▸ **What you will do**
Copy the entries below exactly, but only from the line containing "text Heeft u vragen? [248, 604, 1152, 630]" through the final line.

+ + + +

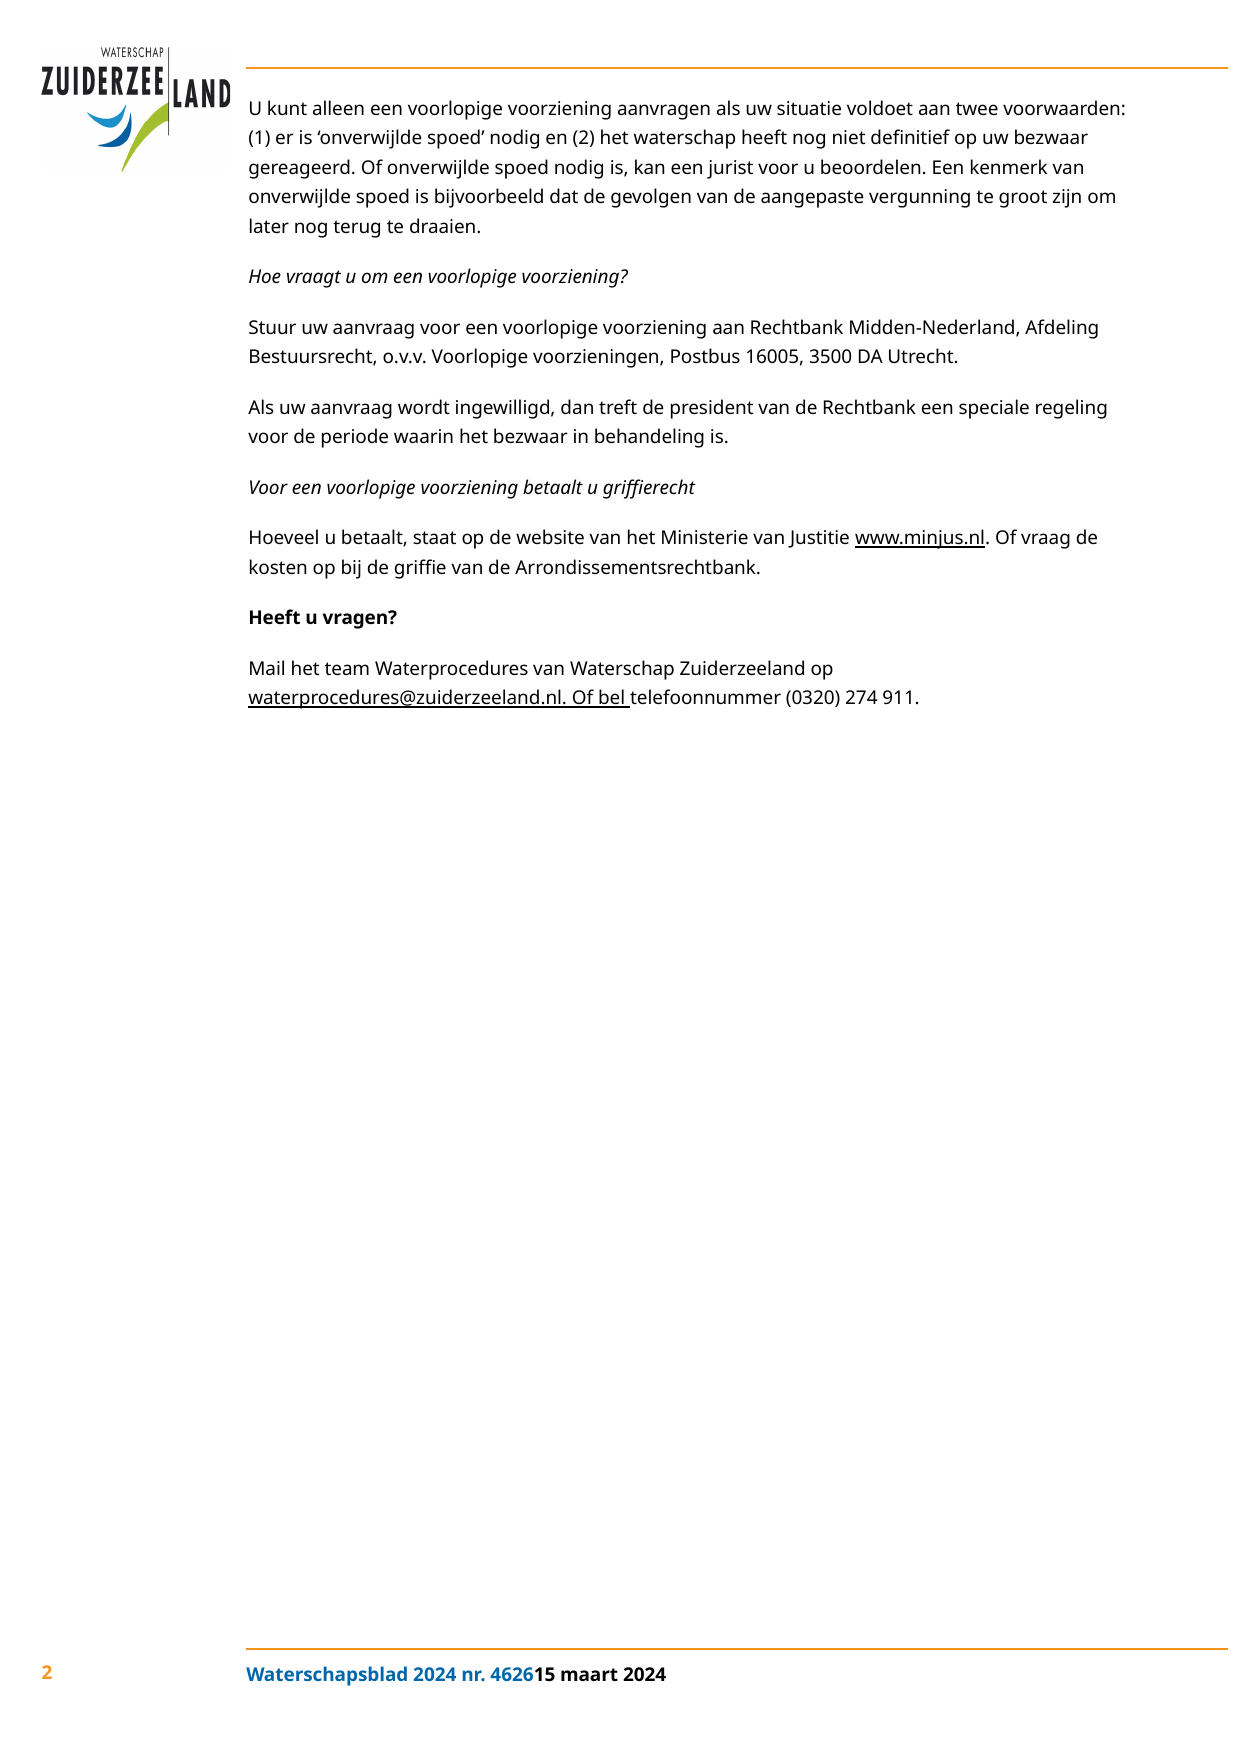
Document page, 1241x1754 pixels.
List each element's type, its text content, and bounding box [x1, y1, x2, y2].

text Als uw aanvraag wordt ingewilligd, dan treft de president van de Rechtbank een speciale regeling voor de periode waarin het bezwaar in behandeling is. [248, 394, 1152, 449]
text Stuur uw aanvraag voor een voorlopige voorziening aan Rechtbank Midden-Nederland, Afdeling Bestuursrecht, o.v.v. Voorlopige voorzieningen, Postbus 16005, 3500 DA Utrecht. [248, 314, 1152, 369]
text Mail het team Waterprocedures van Waterschap Zuiderzeeland op waterprocedures@zuiderzeeland.nl. Of bel telefoonnummer (0320) 274 911. [248, 655, 1152, 710]
text Hoeveel u betaalt, staat op de website van het Ministerie van Justitie www.minjus.nl. Of vraag de kosten op bij de griffie van de Arrondissementsrechtbank. [248, 524, 1152, 580]
text U kunt alleen een voorlopige voorziening aanvragen als uw situatie voldoet aan twee voorwaarden: (1) er is ‘onverwijlde spoed’ nodig en (2) het waterschap heeft nog niet definitief op uw bezwaar gereageerd. Of onverwijlde spoed nodig is, kan een jurist voor u beoordelen. Een kenmerk van onverwijlde spoed is bijvoorbeeld dat de gevolgen van de aangepaste vergunning te groot zijn om later nog terug te draaien. [248, 95, 1152, 239]
text Voor een voorlopige voorziening betaalt u griffierecht [248, 474, 1152, 500]
text Hoe vraagt u om een voorlopige voorziening? [248, 263, 1152, 289]
text Heeft u vragen? [248, 604, 1152, 630]
picture [41, 47, 231, 172]

+ + + +

▸ **Reply to the exercise**
text Heeft u vragen? [248, 604, 1152, 630]
picture [41, 47, 231, 172]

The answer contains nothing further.